TranscriptionPath ChIP-Seq Service Overview

Active Motif’s TranscriptionPath™ ChIP-Seq Service provides an alternate approach to RNA-based methods to study gene expression. TranscriptionPath is a chromatin immunoprecipitation-based assay used to measure transcription rates as a function of RNA polymerase II occupancy across the genome. Unlike other RNA-based techniques, the method enables you to measure transcription rates without the influence of RNA half-life. Our TranscriptionPath ChIP-Seq Services also offers the added advantage of using the same material that is used in other transcription factor or histone modification targeted ChIP-Seq experiments, allowing you to correlate transcription factor binding and epigenetic modifications with transcriptional changes in the same experiment.
The TranscriptionPath ChIP-Seq Service includes:
Customers submit frozen tissues or cell pellets, then we:
- Prepare chromatin samples and sonicate.
- Perform ChIP with a highly validated RNA Pol II antibody.
- Prepare ChIP-Seq libraries.
- Perform next-generation sequencing using the Illumina platform.
- Analyze the data and deliver it to the customer.
To learn more, read the TranscriptionPath Applications Note or send us an Epigenetic Services Information Request. You can also download Active Motif’s Epigenetic Services Brochure.
Advantages of using our TranscriptionPath ChIP-Seq Service to measure gene expression
- Measure transcription rates without the influence of RNA half-life.
- Ideal for measuring changes in gene expression at early time points (minutes).
- Detect alternate start sites and unannotated genes.
- Identify genes that are poised for transcriptional activation.
- Perform in parallel with transcription factor-targeted ChIP to correlate TF binding with changes in transcription.
TranscriptionPath ChIP-Seq Service Data
TranscriptionPath ChIP-Seq Service Can Detect Changes at Early Time Points
Changes in gene expression can occur within minutes of cell treatment, but these changes are often not detected because most methods to investigate gene expression, such as RNA-Seq, measure only much later time points. To truly understand the molecular mechanisms responsible for mediating a cellular response it is important to understand the changes that are happening at the earliest times possible after the treatment. Measuring mRNA at these early time points has limitations because large transcripts can take over an hour to be transcribed, processed, and exported to the cytoplasm where they can be detected. The TranscriptionPath ChIP-Seq Service can detect gene expression changes that are missed by mRNA detection methods because it measures RNAPII occupancy on DNA in real time.
The examples in the figure below show that the TranscriptionPath-qPCR assay is more robust than RT-qPCR and can also detect changes in gene expression earlier in the time course than mRNA measurements by RT-qPCR.

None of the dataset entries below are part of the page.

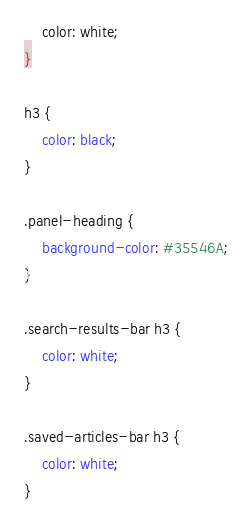Convert code to text. <code><loc_0><loc_0><loc_500><loc_500><_CSS_>    color: white;
}

h3 {
    color: black;
}

.panel-heading {
    background-color: #35546A;
}

.search-results-bar h3 {
    color: white;
}

.saved-articles-bar h3 {
    color: white;
}</code> 
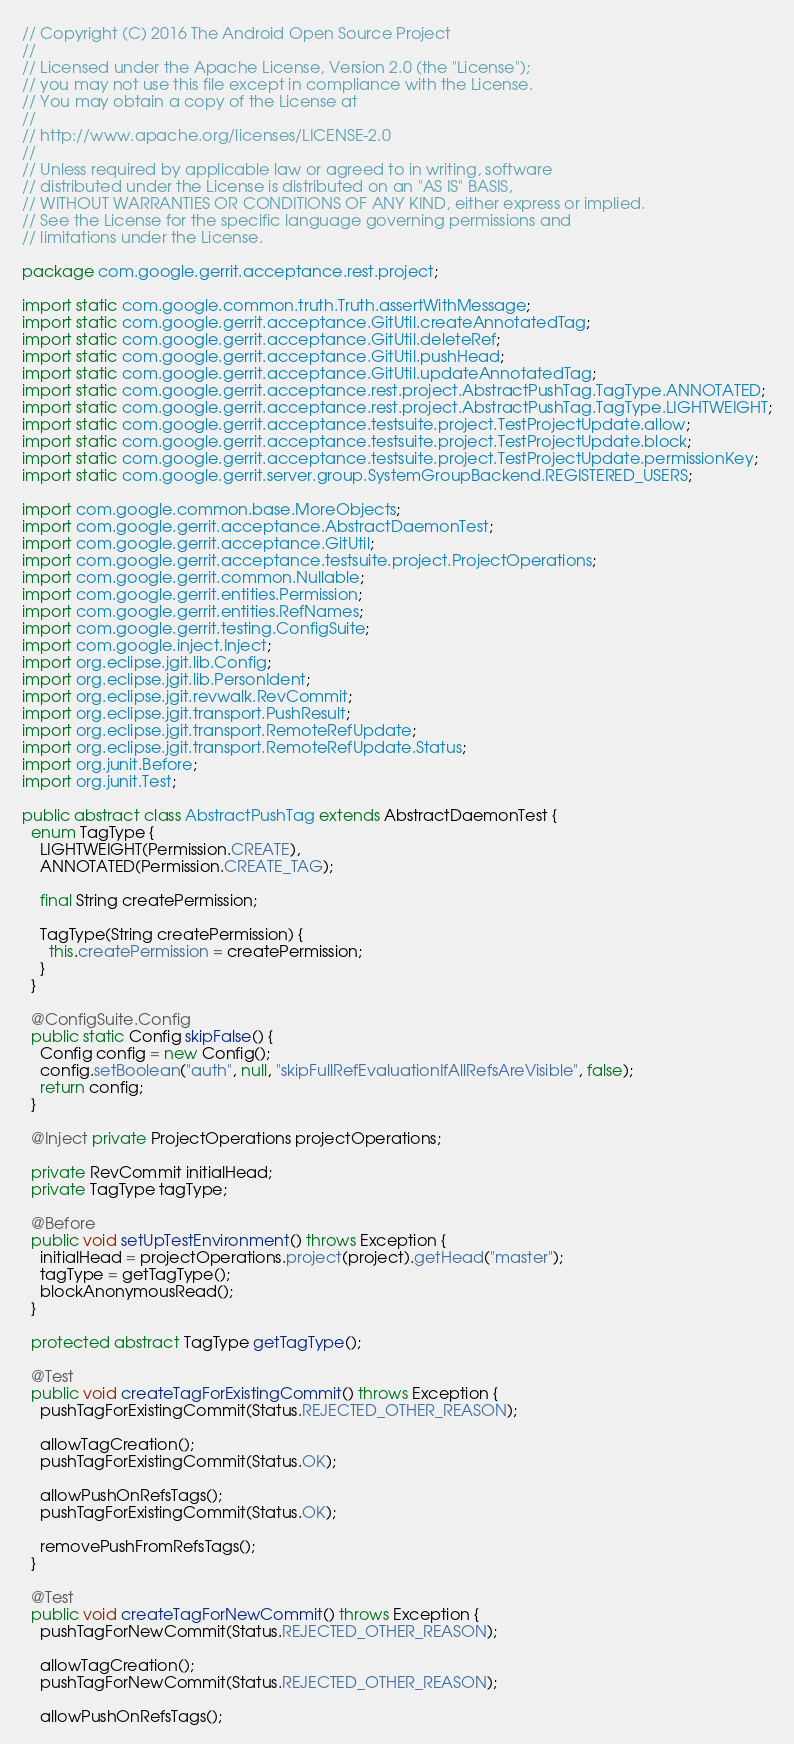<code> <loc_0><loc_0><loc_500><loc_500><_Java_>// Copyright (C) 2016 The Android Open Source Project
//
// Licensed under the Apache License, Version 2.0 (the "License");
// you may not use this file except in compliance with the License.
// You may obtain a copy of the License at
//
// http://www.apache.org/licenses/LICENSE-2.0
//
// Unless required by applicable law or agreed to in writing, software
// distributed under the License is distributed on an "AS IS" BASIS,
// WITHOUT WARRANTIES OR CONDITIONS OF ANY KIND, either express or implied.
// See the License for the specific language governing permissions and
// limitations under the License.

package com.google.gerrit.acceptance.rest.project;

import static com.google.common.truth.Truth.assertWithMessage;
import static com.google.gerrit.acceptance.GitUtil.createAnnotatedTag;
import static com.google.gerrit.acceptance.GitUtil.deleteRef;
import static com.google.gerrit.acceptance.GitUtil.pushHead;
import static com.google.gerrit.acceptance.GitUtil.updateAnnotatedTag;
import static com.google.gerrit.acceptance.rest.project.AbstractPushTag.TagType.ANNOTATED;
import static com.google.gerrit.acceptance.rest.project.AbstractPushTag.TagType.LIGHTWEIGHT;
import static com.google.gerrit.acceptance.testsuite.project.TestProjectUpdate.allow;
import static com.google.gerrit.acceptance.testsuite.project.TestProjectUpdate.block;
import static com.google.gerrit.acceptance.testsuite.project.TestProjectUpdate.permissionKey;
import static com.google.gerrit.server.group.SystemGroupBackend.REGISTERED_USERS;

import com.google.common.base.MoreObjects;
import com.google.gerrit.acceptance.AbstractDaemonTest;
import com.google.gerrit.acceptance.GitUtil;
import com.google.gerrit.acceptance.testsuite.project.ProjectOperations;
import com.google.gerrit.common.Nullable;
import com.google.gerrit.entities.Permission;
import com.google.gerrit.entities.RefNames;
import com.google.gerrit.testing.ConfigSuite;
import com.google.inject.Inject;
import org.eclipse.jgit.lib.Config;
import org.eclipse.jgit.lib.PersonIdent;
import org.eclipse.jgit.revwalk.RevCommit;
import org.eclipse.jgit.transport.PushResult;
import org.eclipse.jgit.transport.RemoteRefUpdate;
import org.eclipse.jgit.transport.RemoteRefUpdate.Status;
import org.junit.Before;
import org.junit.Test;

public abstract class AbstractPushTag extends AbstractDaemonTest {
  enum TagType {
    LIGHTWEIGHT(Permission.CREATE),
    ANNOTATED(Permission.CREATE_TAG);

    final String createPermission;

    TagType(String createPermission) {
      this.createPermission = createPermission;
    }
  }

  @ConfigSuite.Config
  public static Config skipFalse() {
    Config config = new Config();
    config.setBoolean("auth", null, "skipFullRefEvaluationIfAllRefsAreVisible", false);
    return config;
  }

  @Inject private ProjectOperations projectOperations;

  private RevCommit initialHead;
  private TagType tagType;

  @Before
  public void setUpTestEnvironment() throws Exception {
    initialHead = projectOperations.project(project).getHead("master");
    tagType = getTagType();
    blockAnonymousRead();
  }

  protected abstract TagType getTagType();

  @Test
  public void createTagForExistingCommit() throws Exception {
    pushTagForExistingCommit(Status.REJECTED_OTHER_REASON);

    allowTagCreation();
    pushTagForExistingCommit(Status.OK);

    allowPushOnRefsTags();
    pushTagForExistingCommit(Status.OK);

    removePushFromRefsTags();
  }

  @Test
  public void createTagForNewCommit() throws Exception {
    pushTagForNewCommit(Status.REJECTED_OTHER_REASON);

    allowTagCreation();
    pushTagForNewCommit(Status.REJECTED_OTHER_REASON);

    allowPushOnRefsTags();</code> 
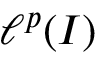Convert formula to latex. <formula><loc_0><loc_0><loc_500><loc_500>\ell ^ { p } ( I )</formula> 
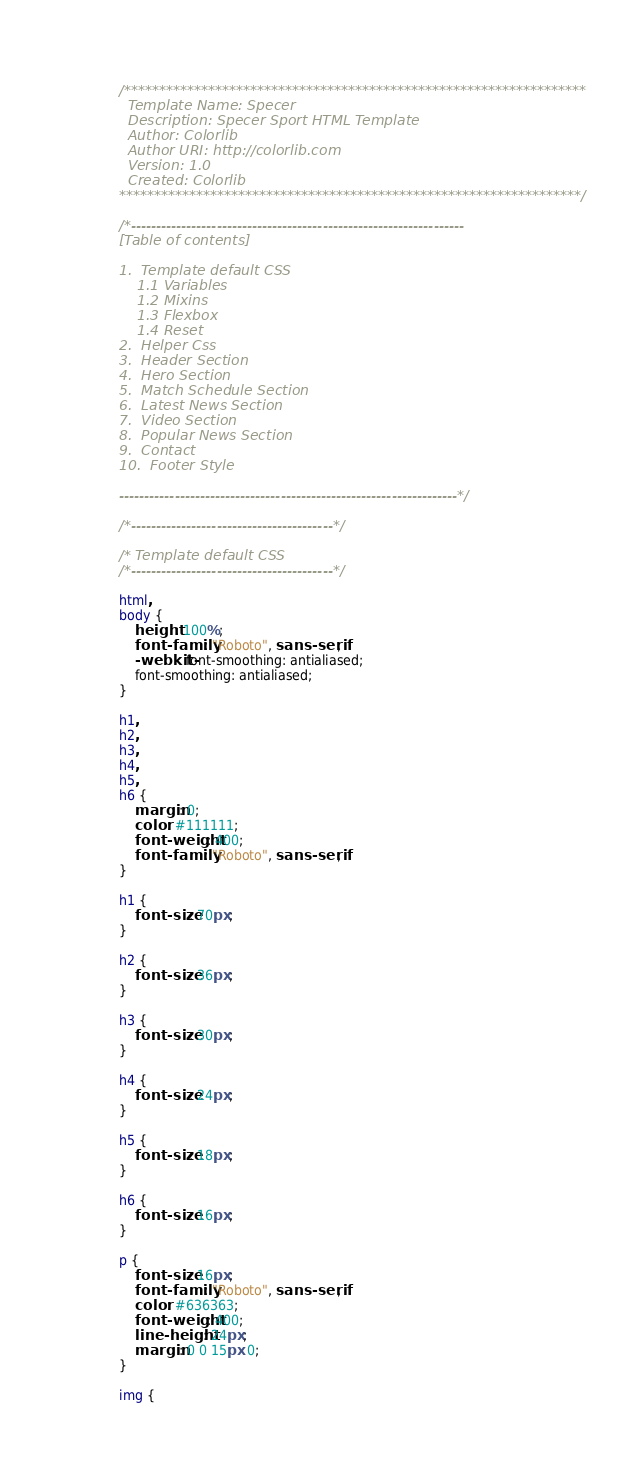<code> <loc_0><loc_0><loc_500><loc_500><_CSS_>/******************************************************************
  Template Name: Specer
  Description: Specer Sport HTML Template
  Author: Colorlib
  Author URI: http://colorlib.com
  Version: 1.0
  Created: Colorlib
******************************************************************/

/*------------------------------------------------------------------
[Table of contents]

1.  Template default CSS
	1.1	Variables
	1.2	Mixins
	1.3	Flexbox
	1.4	Reset
2.  Helper Css
3.  Header Section
4.  Hero Section
5.  Match Schedule Section
6.  Latest News Section
7.  Video Section
8.  Popular News Section
9.  Contact
10.  Footer Style

-------------------------------------------------------------------*/

/*----------------------------------------*/

/* Template default CSS
/*----------------------------------------*/

html,
body {
	height: 100%;
	font-family: "Roboto", sans-serif;
	-webkit-font-smoothing: antialiased;
	font-smoothing: antialiased;
}

h1,
h2,
h3,
h4,
h5,
h6 {
	margin: 0;
	color: #111111;
	font-weight: 400;
	font-family: "Roboto", sans-serif;
}

h1 {
	font-size: 70px;
}

h2 {
	font-size: 36px;
}

h3 {
	font-size: 30px;
}

h4 {
	font-size: 24px;
}

h5 {
	font-size: 18px;
}

h6 {
	font-size: 16px;
}

p {
	font-size: 16px;
	font-family: "Roboto", sans-serif;
	color: #636363;
	font-weight: 400;
	line-height: 24px;
	margin: 0 0 15px 0;
}

img {</code>

Figure 1: TranscriptionPath™ is better than RT-qPCR at detecting changes in gene expression at early time points.
Mouse Min6 cells were treated with forskolin to induce changes in gene expression. Cells were fixed, chromatin prepared and TranscriptionPath-Seq analysis performed using qPCR primers approximately 1500 bp 3′ of the transcription start site (TSS). Total mRNA was measured by preparing cDNA and designing primers that span splice junctions. Igf1r (A), Irs2 (B) and Egr1 (C) are all genes for which induced transcription was detected. For all of these genes the peak in transcription is detectable before the peak in mRNA and the data shows that the longer a gene is, the farther the peak in mRNA lags behind the peak in transcription (compare A to C). TranscriptionPath also enables earlier detection and more dramatic differences for the down-regulated gene Slc2a2 (D) with the most dramatic decrease in transcription observed at 30 minutes compared to 3 hours for RT-qPCR measurements.
TranscriptionPath ChIP-Seq in Combination with FactorPath™ ChIP-Seq
ChIP-Seq is a widely-used method to detect transcription factor binding across the entire genome. However, mapping binding transcription factor binding sites alone lacks contextual information because the process of TF binding does not always lead to transcriptional activation or repression. To more fully understand the importance and/or function of individual TF binding events, it is necessary to understand the effects of TF binding on transcription of each bound gene. This type of analysis can be achieved by integrating transcription factor ChIP-Seq data from our FactorPath ChIP-Seq Service with TranscriptionPath ChIP-Seq gene expression data.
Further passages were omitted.